▶ **Activity**
Transcribe word for word the lines spanning the line with "angle=angle, dimstyle=dimstyle, dxfattribs=at)" through the end of the records.

▶ **Source records**
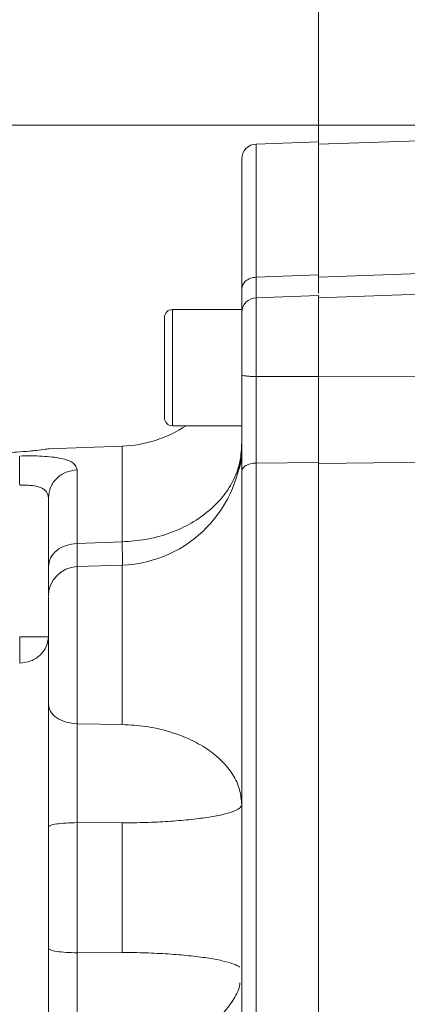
# Model space of a CAD drawing. Header units: inches. Extents: x 0.3 to 33.9, y 0.2 to 21.7.
# Tile 7 of 23: x 4.1 to 5.7, y 10.5 to 14.5. Entities that reach past the tile are written whole.
import ezdxf

# ---------------------------------------------------------------- set-up
doc = ezdxf.new("R2010")
doc.units = ezdxf.units.IN
doc.header["$MEASUREMENT"] = 0
doc.layers.add('SLD-0', color=7, linetype='Continuous', lineweight=15)
doc.styles.add('SLDTEXTSTYLE0', font='TXT', dxfattribs={"width": 0.75})
doc.dimstyles.new('SLDDIMSTYLE0', dxfattribs={"dimtxt": 0.25, "dimasz": 0.13, "dimexe": 0, "dimexo": 0.0625, "dimgap": 0.0625, "dimtad": 0, "dimtih": 1, "dimtoh": 1, "dimdec": 4, "dimrnd": 1e-09, "dimzin": 12, "dimdsep": 46, "dimtxsty": 'SLDTEXTSTYLE0', "dimsah": 1, "dimcen": 0.09, "dimadec": 0, "dimazin": 3, "dimtfac": 1, "dimtdec": 4, "dimtofl": 0, "dimtmove": 0, "dimatfit": 3, "dimfxl": 1, "dimfrac": 2, "dimtolj": 1, "dimtzin": 12, "dimarcsym": 0})
doc.dimstyles.new('SLDDIMSTYLE2', dxfattribs={"dimtxt": 0.25, "dimasz": 0.13, "dimexe": 0, "dimexo": 0.0625, "dimgap": 0.0625, "dimtad": 0, "dimtih": 1, "dimtoh": 1, "dimdec": 4, "dimrnd": 1e-09, "dimzin": 4, "dimdsep": 46, "dimtxsty": 'SLDTEXTSTYLE0', "dimsah": 1, "dimcen": 0.09, "dimadec": 0, "dimazin": 1, "dimtfac": 1, "dimtdec": 4, "dimtofl": 0, "dimtmove": 0, "dimatfit": 3, "dimfxl": 1, "dimfrac": 2, "dimtolj": 1, "dimtzin": 12, "dimarcsym": 0})

# ---------------------------------------------------------------- blocks, each defined once
blk = doc.blocks.new('*D19')
at = {"layer": 'SLD-0'}
for p, q in [((7.5217, 14.0334), (2.3019, 14.0334)), ((2.4269, 14.0334), (2.4269, 10.7931)), ((1.9478, 10.4191), (1.897, 10.4191)), ((1.897, 10.4191), (1.897, 10.0222)), ((2.906, 10.4191), (2.9568, 10.4191)), ((2.9568, 10.4191), (2.9568, 10.0222)), ((1.897, 10.0222), (1.9478, 10.0222)), ((2.9568, 10.0222), (2.906, 10.0222)), ((2.4269, 6.7312), (2.4269, 9.9714)), ((7.5217, 6.7312), (2.3019, 6.7312))]:
    blk.add_line(p, q, dxfattribs=at)
for points in [[(2.4269, 14.0334), (2.4069, 13.9034), (2.4469, 13.9034)], [(2.4269, 6.7312), (2.4469, 6.8612), (2.4069, 6.8612)]]:
    blk.add_solid(points, dxfattribs=at)
at = {"layer": 'SLD-0', "char_height": 0.25, "attachment_point": 1, "style": 'SLDTEXTSTYLE0'}
for s, insert in [('7.30', (2.002, 10.7921, 0.0039)), ('185.5', (2.0112, 10.3445, 0.0039))]:
    blk.add_mtext(s, dxfattribs=dict(at, insert=insert))
blk = doc.blocks.new('*D20')
at = {"layer": 'SLD-0'}
for p, q in [((3.5292, 11.6134), (3.5292, 16.4442)), ((7.5717, 14.0858), (7.5717, 16.4442)), ((5.0714, 16.356), (5.0206, 16.356)), ((5.0206, 16.356), (5.0206, 15.9592)), ((6.0296, 16.356), (6.0804, 16.356)), ((6.0804, 16.356), (6.0804, 15.9592)), ((3.5292, 16.3192), (4.9318, 16.3192)), ((7.5717, 16.3192), (6.1691, 16.3192)), ((5.0206, 15.9592), (5.0714, 15.9592)), ((6.0804, 15.9592), (6.0296, 15.9592))]:
    blk.add_line(p, q, dxfattribs=at)
for points in [[(3.5292, 16.3192), (3.6592, 16.2992), (3.6592, 16.3392)], [(7.5717, 16.3192), (7.4417, 16.3392), (7.4417, 16.2992)]]:
    blk.add_solid(points, dxfattribs=at)
at = {"layer": 'SLD-0', "char_height": 0.25, "attachment_point": 1, "style": 'SLDTEXTSTYLE0'}
for s, insert in [('4.04', (5.1257, 16.7291, 0.1867)), ('102.7', (5.1349, 16.2814, 0.1867))]:
    blk.add_mtext(s, dxfattribs=dict(at, insert=insert))
blk = doc.blocks.new('*D22')
at = {"layer": 'SLD-0'}
for p, q in [((5.3072, 13.4791), (5.3072, 15.6358)), ((7.5717, 14.0858), (7.5717, 15.6358)), ((6.0527, 15.5476), (6.002, 15.5476)), ((6.002, 15.5476), (6.002, 15.1507)), ((6.8262, 15.5476), (6.877, 15.5476)), ((6.877, 15.5476), (6.877, 15.1507)), ((5.3072, 15.5108), (5.9132, 15.5108)), ((7.5717, 15.5108), (6.9658, 15.5108)), ((6.002, 15.1507), (6.0527, 15.1507)), ((6.877, 15.1507), (6.8262, 15.1507))]:
    blk.add_line(p, q, dxfattribs=at)
for points in [[(5.3072, 15.5108), (5.4372, 15.4908), (5.4372, 15.5308)], [(7.5717, 15.5108), (7.4417, 15.5308), (7.4417, 15.4908)]]:
    blk.add_solid(points, dxfattribs=at)
at = {"layer": 'SLD-0', "char_height": 0.25, "attachment_point": 1, "style": 'SLDTEXTSTYLE0'}
for s, insert in [('2.26', (6.0147, 15.9206, 0.1867)), ('57.5', (6.1162, 15.473, 0.1867))]:
    blk.add_mtext(s, dxfattribs=dict(at, insert=insert))

msp = doc.modelspace()

# ---------------------------------------------------------------- linework, layer by layer
at = {"color": 7, "linetype": 'Continuous', "lineweight": 15}
for p, q in [((7.57173, 14.03577), (5.30723, 13.95669)), ((5.30723, 13.96659), (5.05514, 13.95779)), ((5.30723, 13.42914), (5.30723, 13.96659)), ((5.30723, 13.42014), (7.57173, 13.49966)), ((5.05514, 13.42026), (5.30723, 13.42914)), ((7.57173, 13.41653), (5.30723, 13.33745)), ((5.30723, 13.34599), (5.05514, 13.33719)), ((5.30723, 13.01925), (5.30723, 13.34599)), ((4.99723, 13.28967), (4.71723, 13.28967)), ((4.99723, 13.28967), (4.99723, 12.82067)), ((4.68523, 13.25767), (4.68523, 12.85267)), ((5.05514, 13.01913), (5.30723, 13.01925)), ((7.57173, 13.02104), (5.30723, 13.01841)), ((4.71723, 12.82067), (4.99723, 12.82067)), ((4.51468, 12.73808), (4.21824, 12.72773)), ((7.57173, 12.69214), (5.30723, 12.66819)), ((4.33304, 12.64269), (4.33304, 12.34538)), ((5.05514, 12.66995), (5.30723, 12.6726)), ((5.05514, 9.24158), (5.05514, 12.66995)), ((5.30723, 9.23894), (5.30723, 12.6726)), ((4.33304, 12.34538), (4.51468, 12.35175)), ((4.21723, 12.22067), (4.21723, 12.25154)), ((4.51468, 12.25815), (4.33304, 12.25181)), ((4.33304, 11.61767), (4.51468, 11.6145)), ((4.51468, 11.21707), (4.33304, 11.21837)), ((4.33304, 11.21837), (4.33304, 10.69317)), ((4.51468, 10.69447), (4.51468, 11.21707)), ((4.33304, 10.69317), (4.51468, 10.69447))]:
    msp.add_line(p, q, dxfattribs=at)
at = {"color": 8, "linetype": 'Continuous', "lineweight": 15}
for p, q in [((5.05514, 13.42026), (5.05514, 13.95779)), ((5.05514, 13.01913), (5.05514, 13.33719)), ((4.71723, 13.28967), (4.71723, 12.82067)), ((4.51468, 12.35175), (4.51468, 12.73808)), ((4.33304, 12.25181), (4.33304, 11.61767)), ((4.51468, 11.6145), (4.51468, 12.25815))]:
    msp.add_line(p, q, dxfattribs=at)
at = {"color": 7, "linetype": 'Continuous', "lineweight": 15}
for centre, radius, start, end in [((5.05723, 13.89783), 0.06, 92, 180), ((5.05723, 13.27723), 0.06, 92, 180), ((4.71723, 13.25767), 0.032, 90, 180), ((4.71723, 12.85267), 0.032, 180, 270), ((4.49723, 13.23778), 0.5, 272, 303.46471), ((4.49723, 12.75785), 0.5, 272, 0), ((4.33723, 12.13188), 0.12, 92, 180)]:
    msp.add_arc(centre, radius, start, end, dxfattribs=at)
for points, knots in [([(5.30723, 13.42014), (5.30723, 13.47548), (5.30723, 13.58617), (5.30723, 13.71848), (5.30723, 13.82448), (5.30723, 13.90005), (5.30723, 13.94781), (5.30723, 13.95373), (5.30723, 13.95669)], [0, 0, 0, 0, 0.1666666, 0.3333333, 0.5, 0.6666667, 0.8333333, 1, 1, 1, 1]), ([(4.99723, 13.37103), (4.99723, 13.42324), (4.99723, 13.52862), (4.99723, 13.65689), (4.99723, 13.76239), (4.99723, 13.83929), (4.99723, 13.88862), (4.99723, 13.89475), (4.99723, 13.89783)], [0, 0, 0, 0, 0.15987295, 0.32266424, 0.48819697, 0.65771806, 0.82839588, 1, 1, 1, 1]), ([(4.99723, 13.37103), (4.99809, 13.37734), (4.99982, 13.38996), (5.01311, 13.40601), (5.03218, 13.41747), (5.04749, 13.41933), (5.05514, 13.42026)], [0, 0, 0, 0, 0.2499995, 0.5000009, 0.7500009, 1, 1, 1, 1]), ([(5.30723, 13.35583), (5.30723, 13.36323), (5.30723, 13.37987), (5.30723, 13.41154), (5.30723, 13.42914)], [0, 0, 0, 0, 0.4442379, 1, 1, 1, 1]), ([(4.99723, 13.28627), (4.99723, 13.28645), (4.99723, 13.29158), (4.99723, 13.31797), (4.99723, 13.35334), (4.99723, 13.37103)], [0, 0, 0, 0, 0.01777924, 0.50891625, 1, 1, 1, 1]), ([(5.30723, 13.01841), (5.30723, 13.03996), (5.30723, 13.08306), (5.30723, 13.14676), (5.30723, 13.20557), (5.30723, 13.25649), (5.30723, 13.29712), (5.30723, 13.32426), (5.30723, 13.33748), (5.30723, 13.33607), (5.30723, 13.33564)], [0, 0, 0, 0, 0.1345972, 0.2691942, 0.4037918, 0.5383891, 0.6729863, 0.8075835, 0.9421808, 1, 1, 1, 1]), ([(4.99723, 13.02679), (4.99723, 13.04348), (4.99723, 13.07729), (4.99723, 13.1275), (4.99723, 13.17379), (4.99723, 13.21349), (4.99723, 13.24529), (4.99723, 13.2668), (4.99723, 13.27725), (4.99723, 13.27617), (4.99723, 13.27584)], [0, 0, 0, 0, 0.1326617, 0.2688605, 0.4050582, 0.5377203, 0.6703821, 0.8065803, 0.9427784, 1, 1, 1, 1]), ([(4.99723, 13.02679), (4.99809, 13.02581), (4.99982, 13.02385), (5.01311, 13.02135), (5.03218, 13.01956), (5.04749, 13.01928), (5.05514, 13.01913)], [0, 0, 0, 0, 0.2499995, 0.5000007, 0.7500008, 1, 1, 1, 1]), ([(4.99723, 12.63571), (4.99723, 12.66493), (4.99723, 12.72337), (4.99723, 12.82169), (4.99723, 12.92394), (4.99723, 12.99251), (4.99723, 13.02679)], [0, 0, 0, 0, 0.2500006, 0.4999621, 0.7499945, 1, 1, 1, 1]), ([(5.05514, 12.66995), (5.05512, 12.67946), (5.05508, 12.70211), (5.05504, 12.73657), (5.055, 12.77754), (5.05498, 12.82065), (5.05499, 12.87535), (5.05503, 12.94164), (5.0551, 12.99131), (5.05514, 13.01913)], [0, 0, 0, 0, 0.0931338, 0.2217766, 0.3180531, 0.4565952, 0.5943379, 0.7728329, 1, 1, 1, 1]), ([(5.30723, 12.6726), (5.30723, 12.70032), (5.30723, 12.75166), (5.30723, 12.83622), (5.30723, 12.92458), (5.30723, 12.98615), (5.30723, 13.01925)], [0, 0, 0, 0, 0.2668351, 0.4941141, 0.7279887, 1, 1, 1, 1]), ([(4.21825, 12.72752), (4.21886, 12.7276), (4.22202, 12.72806), (4.20596, 12.72574), (4.17675, 12.72186), (4.15062, 12.71908), (4.14121, 12.71808)], [0, 0, 0, 0, 0.0845865, 0.4413468, 0.7989116, 1, 1, 1, 1]), ([(4.99723, 12.74313), (4.99545, 12.71806), (4.9919, 12.66794), (4.96346, 12.59552), (4.91921, 12.52852), (4.8591, 12.46942), (4.78579, 12.42031), (4.70185, 12.38333), (4.61043, 12.35855), (4.5466, 12.35401), (4.51468, 12.35175)], [0, 0, 0, 0, 0.1250002, 0.2500001, 0.375, 0.5, 0.6250003, 0.7500002, 0.8750001, 1, 1, 1, 1]), ([(4.99723, 12.74313), (4.99706, 12.7113), (4.99689, 12.67823), (4.98735, 12.64696), (4.98699, 12.64579)], [0, 0, 0, 0, 0.9625819, 1, 1, 1, 1]), ([(4.14121, 12.71808), (4.12415, 12.71666), (4.08664, 12.71352), (4.01997, 12.71041), (3.95144, 12.70968), (3.89194, 12.71112), (3.85191, 12.71314), (3.83329, 12.71437), (3.83584, 12.71421), (3.83648, 12.71416)], [0, 0, 0, 0, 0.1376803, 0.30277069, 0.47042004, 0.63632904, 0.79669187, 0.94916768, 1, 1, 1, 1]), ([(4.10142, 12.69832), (4.10106, 12.6945), (4.10034, 12.68685), (4.10003, 12.65886), (4.10034, 12.6221), (4.10106, 12.59411), (4.10142, 12.58012)], [0, 0, 0, 0, 0.250114, 0.5, 0.7498857, 1, 1, 1, 1]), ([(4.10142, 12.69832), (4.117, 12.69862), (4.14824, 12.69921), (4.19273, 12.69781), (4.23351, 12.69454), (4.28036, 12.68705), (4.32367, 12.6719), (4.3299, 12.65248), (4.33304, 12.64269)], [0, 0, 0, 0, 0.120862, 0.24238203, 0.36503843, 0.48990993, 0.74307888, 1, 1, 1, 1]), ([(4.21723, 12.52878), (4.21896, 12.54338), (4.2224, 12.57259), (4.24898, 12.60972), (4.28713, 12.63626), (4.31774, 12.64055), (4.33304, 12.64269)], [0, 0, 0, 0, 0.2499987, 0.4999991, 0.7499999, 1, 1, 1, 1]), ([(4.99723, 12.63571), (4.99809, 12.6401), (4.99982, 12.64888), (5.01311, 12.66004), (5.03218, 12.66802), (5.04749, 12.66931), (5.05514, 12.66995)], [0, 0, 0, 0, 0.2499993, 0.5000008, 0.7500009, 1, 1, 1, 1]), ([(5.30723, 12.66819), (5.30723, 12.58336), (5.30723, 12.4137), (5.30723, 12.13959), (5.30723, 11.85461), (5.30723, 11.56011), (5.30723, 11.2595), (5.30723, 10.95577), (5.30723, 10.65203), (5.30723, 10.35143), (5.30723, 10.05692), (5.30723, 9.77195), (5.30723, 9.49783), (5.30723, 9.32817), (5.30723, 9.24334)], [0, 0, 0, 0, 0.0833333, 0.1666666, 0.25, 0.3333333, 0.4166667, 0.5, 0.5833333, 0.6666667, 0.75, 0.8333333, 0.9166667, 1, 1, 1, 1]), ([(4.99723, 9.27582), (4.99723, 9.35557), (4.99723, 9.51652), (4.99723, 9.77833), (4.99723, 10.05598), (4.99723, 10.34776), (4.99723, 10.64948), (4.99723, 10.95576), (4.99723, 11.26204), (4.99723, 11.56376), (4.99723, 11.85554), (4.99723, 12.1332), (4.99723, 12.39501), (4.99723, 12.55596), (4.99723, 12.63571)], [0, 0, 0, 0, 0.0799365, 0.1613321, 0.2440985, 0.328859, 0.4141979, 0.5, 0.5857968, 0.6711357, 0.7559015, 0.8386627, 0.920061, 1, 1, 1, 1]), ([(4.10142, 12.58012), (4.10959, 12.58043), (4.12567, 12.58106), (4.14824, 12.57973), (4.16813, 12.57669), (4.18535, 12.57164), (4.19931, 12.56432), (4.21364, 12.55129), (4.21579, 12.53785), (4.21723, 12.52878)], [0, 0, 0, 0, 0.126137, 0.2481898, 0.366906, 0.4830997, 0.6078941, 0.7353854, 1, 1, 1, 1]), ([(4.21723, 12.52878), (4.21723, 12.50623), (4.21723, 12.46111), (4.21723, 12.36783), (4.21723, 12.29029), (4.21723, 12.25154)], [0, 0, 0, 0, 0.3332603, 0.6667562, 1, 1, 1, 1]), ([(4.21723, 12.25154), (4.21896, 12.26357), (4.2224, 12.28763), (4.24898, 12.31822), (4.28713, 12.34007), (4.31774, 12.34361), (4.33304, 12.34538)], [0, 0, 0, 0, 0.2499993, 0.4999997, 0.7500001, 1, 1, 1, 1]), ([(4.21727, 12.22067), (4.21727, 12.21152), (4.21728, 12.18675), (4.21754, 12.16546), (4.21801, 12.14956), (4.21889, 12.14704), (4.21927, 12.14597)], [0, 0, 0, 0, 0.2007166, 0.5430522, 0.8045247, 1, 1, 1, 1]), ([(4.21723, 12.12907), (4.21723, 12.12979), (4.21723, 12.13247), (4.21723, 12.11074), (4.21723, 12.06585), (4.21723, 12.00175), (4.21723, 11.92576), (4.21723, 11.84306), (4.21723, 11.76163), (4.21723, 11.71737), (4.21723, 11.69577)], [0, 0, 0, 0, 0.0505214, 0.1889563, 0.327391, 0.4593042, 0.5912171, 0.7296517, 0.8680868, 1, 1, 1, 1]), ([(4.10142, 11.86214), (4.11673, 11.86415), (4.14734, 11.86817), (4.18548, 11.89304), (4.21206, 11.92785), (4.21551, 11.95523), (4.21723, 11.96892)], [0, 0, 0, 0, 0.2499999, 0.5000008, 0.7500004, 1, 1, 1, 1]), ([(4.10142, 11.96892), (4.11673, 11.96892), (4.14734, 11.96892), (4.18548, 11.96892), (4.21206, 11.96892), (4.21551, 11.96892), (4.21723, 11.96892)], [0, 0, 0, 0, 0.2499999, 0.5000003, 0.75, 1, 1, 1, 1]), ([(4.10142, 11.96892), (4.10162, 11.95795), (4.10203, 11.93599), (4.1022, 11.90563), (4.10203, 11.87951), (4.10162, 11.86793), (4.10142, 11.86214)], [0, 0, 0, 0, 0.2500444, 0.5000007, 0.7499551, 1, 1, 1, 1]), ([(4.21723, 11.69577), (4.21896, 11.68575), (4.2224, 11.66573), (4.24898, 11.64027), (4.28713, 11.62208), (4.31774, 11.61914), (4.33304, 11.61767)], [0, 0, 0, 0, 0.2499993, 0.4999991, 0.7499999, 1, 1, 1, 1]), ([(4.21723, 11.20063), (4.21723, 11.24497), (4.21723, 11.33359), (4.21723, 11.46526), (4.21723, 11.58979), (4.21723, 11.66045), (4.21723, 11.69577)], [0, 0, 0, 0, 0.2506277, 0.501002, 0.7505778, 1, 1, 1, 1]), ([(4.33304, 11.61767), (4.33296, 11.59828), (4.3328, 11.56214), (4.33265, 11.4934), (4.33261, 11.43002), (4.33265, 11.37479), (4.33271, 11.34135), (4.33277, 11.30371), (4.33288, 11.2631), (4.333, 11.2316), (4.33304, 11.21837)], [0, 0, 0, 0, 0.1730749, 0.3225574, 0.5424161, 0.6421377, 0.7166316, 0.7777094, 0.9066756, 1, 1, 1, 1]), ([(4.99723, 11.29033), (4.99545, 11.31109), (4.9919, 11.3526), (4.96346, 11.41259), (4.91921, 11.46809), (4.8591, 11.51703), (4.78579, 11.55771), (4.70185, 11.58834), (4.61043, 11.60887), (4.5466, 11.61263), (4.51468, 11.6145)], [0, 0, 0, 0, 0.125, 0.2500002, 0.375, 0.5, 0.6250003, 0.7500002, 0.8750001, 1, 1, 1, 1]), ([(4.51468, 11.21707), (4.5466, 11.21749), (4.61043, 11.21834), (4.70185, 11.22298), (4.78579, 11.2299), (4.8591, 11.23909), (4.91921, 11.25016), (4.96346, 11.2627), (4.9919, 11.27625), (4.99545, 11.28564), (4.99723, 11.29033)], [0, 0, 0, 0, 0.1249999, 0.2499998, 0.3749997, 0.5, 0.625, 0.7499999, 0.875, 1, 1, 1, 1]), ([(4.33304, 11.21837), (4.31774, 11.21803), (4.28713, 11.21736), (4.24898, 11.21323), (4.2224, 11.20745), (4.21896, 11.20291), (4.21723, 11.20063)], [0, 0, 0, 0, 0.25, 0.5000003, 0.7500005, 1, 1, 1, 1]), ([(4.21723, 11.20063), (4.21723, 11.11901), (4.21723, 10.95577), (4.21723, 10.79252), (4.21723, 10.7109)], [0, 0, 0, 0, 0.4999999, 1, 1, 1, 1]), ([(4.21723, 10.21577), (4.21723, 10.25126), (4.21723, 10.32222), (4.21723, 10.44704), (4.21723, 10.57852), (4.21723, 10.66678), (4.21723, 10.7109)], [0, 0, 0, 0, 0.25062757, 0.50100188, 0.75057773, 1, 1, 1, 1]), ([(4.21723, 10.7109), (4.21896, 10.70863), (4.2224, 10.70408), (4.24898, 10.6983), (4.28713, 10.69417), (4.31774, 10.6935), (4.33304, 10.69317)], [0, 0, 0, 0, 0.2499994, 0.4999996, 0.7499999, 1, 1, 1, 1]), ([(4.33304, 10.69317), (4.33296, 10.66855), (4.3328, 10.62268), (4.33265, 10.54513), (4.33261, 10.47937), (4.33265, 10.42659), (4.33271, 10.39645), (4.33277, 10.36291), (4.33288, 10.32884), (4.333, 10.30421), (4.33304, 10.29387)], [0, 0, 0, 0, 0.1730748, 0.3225575, 0.5424158, 0.6421377, 0.7166316, 0.7777093, 0.9066756, 1, 1, 1, 1]), ([(4.98842, 10.63462), (4.9883, 10.63481), (4.98523, 10.63967), (4.96237, 10.64881), (4.9195, 10.66138), (4.85902, 10.67244), (4.78582, 10.68163), (4.70184, 10.68855), (4.61043, 10.69319), (4.5466, 10.69404), (4.51468, 10.69447)], [0, 0, 0, 0, 0.0057822, 0.1478134, 0.2898445, 0.4318755, 0.573907, 0.715938, 0.857969, 1, 1, 1, 1]), ([(4.51468, 10.29703), (4.5466, 10.29891), (4.61043, 10.30266), (4.70184, 10.32319), (4.78581, 10.35382), (4.85905, 10.3945), (4.91942, 10.44343), (4.96268, 10.49902), (4.98619, 10.54264), (4.98932, 10.56734), (4.98984, 10.57137)], [0, 0, 0, 0, 0.1389899, 0.2779798, 0.4169697, 0.55596, 0.6949501, 0.8339399, 0.9729301, 1, 1, 1, 1])]:
    msp.add_open_spline(points, degree=3, knots=knots, dxfattribs=at)
at = {"color": 8, "linetype": 'Continuous', "lineweight": 15}
for points, knots in [([(5.05501, 13.33463), (5.055, 13.33647), (5.05498, 13.3404), (5.05499, 13.35571), (5.05503, 13.37829), (5.0551, 13.40519), (5.05514, 13.42026)], [0, 0, 0, 0, 0.1827828, 0.3899315, 0.6583675, 1, 1, 1, 1]), ([(5.05514, 13.42026), (5.05512, 13.41395), (5.05508, 13.39893), (5.05504, 13.38055), (5.055, 13.36305), (5.05498, 13.34795), (5.05499, 13.3387), (5.055, 13.33617), (5.05501, 13.33531)], [0, 0, 0, 0, 0.140045, 0.3334855, 0.4782563, 0.6865802, 0.8937033, 1, 1, 1, 1]), ([(4.33304, 12.34538), (4.33296, 12.33076), (4.3328, 12.30352), (4.33265, 12.27114), (4.33264, 12.25857), (4.33264, 12.25164)], [0, 0, 0, 0, 0.3420812, 0.6375319, 1, 1, 1, 1]), ([(4.51468, 12.35175), (4.51518, 12.33108), (4.51615, 12.29078), (4.5163, 12.27019), (4.51638, 12.26015)], [0, 0, 0, 0, 0.5127042, 1, 1, 1, 1]), ([(4.21723, 12.13999), (4.21723, 12.15125), (4.21723, 12.16961), (4.21723, 12.20642), (4.21723, 12.22067)], [0, 0, 0, 0, 0.6129664, 1, 1, 1, 1])]:
    msp.add_open_spline(points, degree=3, knots=knots, dxfattribs=at)

# ---------------------------------------------------------------- dimensions: what is measured, and where the dimension line sits
at = {"layer": 'SLD-0'}
for base, p1, p2, angle, dimstyle, picture, middle in [((3.52923, 16.31923), (7.57173, 14.03577), (3.52923, 11.56339), 0, 'SLDDIMSTYLE0', '*D20', (5.55048, 16.31923)), ((2.42687, 6.73117), (7.57173, 14.03335), (7.57173, 6.73117), 90, 'SLDDIMSTYLE2', '*D19', (2.42687, 10.38226))]:
    dim = msp.add_linear_dim(base=base, p1=p1, p2=p2, angle=angle, dimstyle=dimstyle, dxfattribs=at)
    dim.commit()
    dim.dimension.update_dxf_attribs({"geometry": picture, "text_midpoint": middle, "dimtype": 160})
dim = msp.add_linear_dim(base=(5.30723, 15.51077), p1=(7.57173, 14.03577), p2=(5.30723, 13.42914), dimstyle='SLDDIMSTYLE0', dxfattribs=at)
dim.commit()
dim.dimension.update_dxf_attribs({"geometry": '*D22', "text_midpoint": (6.43948, 15.51077), "dimtype": 160})

doc.saveas('drawing.dxf')

▶ **Answer to the problem**
    dim = msp.add_linear_dim(base=base, p1=p1, p2=p2, angle=angle, dimstyle=dimstyle, dxfattribs=at)
    dim.commit()
    dim.dimension.update_dxf_attribs({"geometry": picture, "text_midpoint": middle, "dimtype": 160})
dim = msp.add_linear_dim(base=(5.30723, 15.51077), p1=(7.57173, 14.03577), p2=(5.30723, 13.42914), dimstyle='SLDDIMSTYLE0', dxfattribs=at)
dim.commit()
dim.dimension.update_dxf_attribs({"geometry": '*D22', "text_midpoint": (6.43948, 15.51077), "dimtype": 160})

doc.saveas('drawing.dxf')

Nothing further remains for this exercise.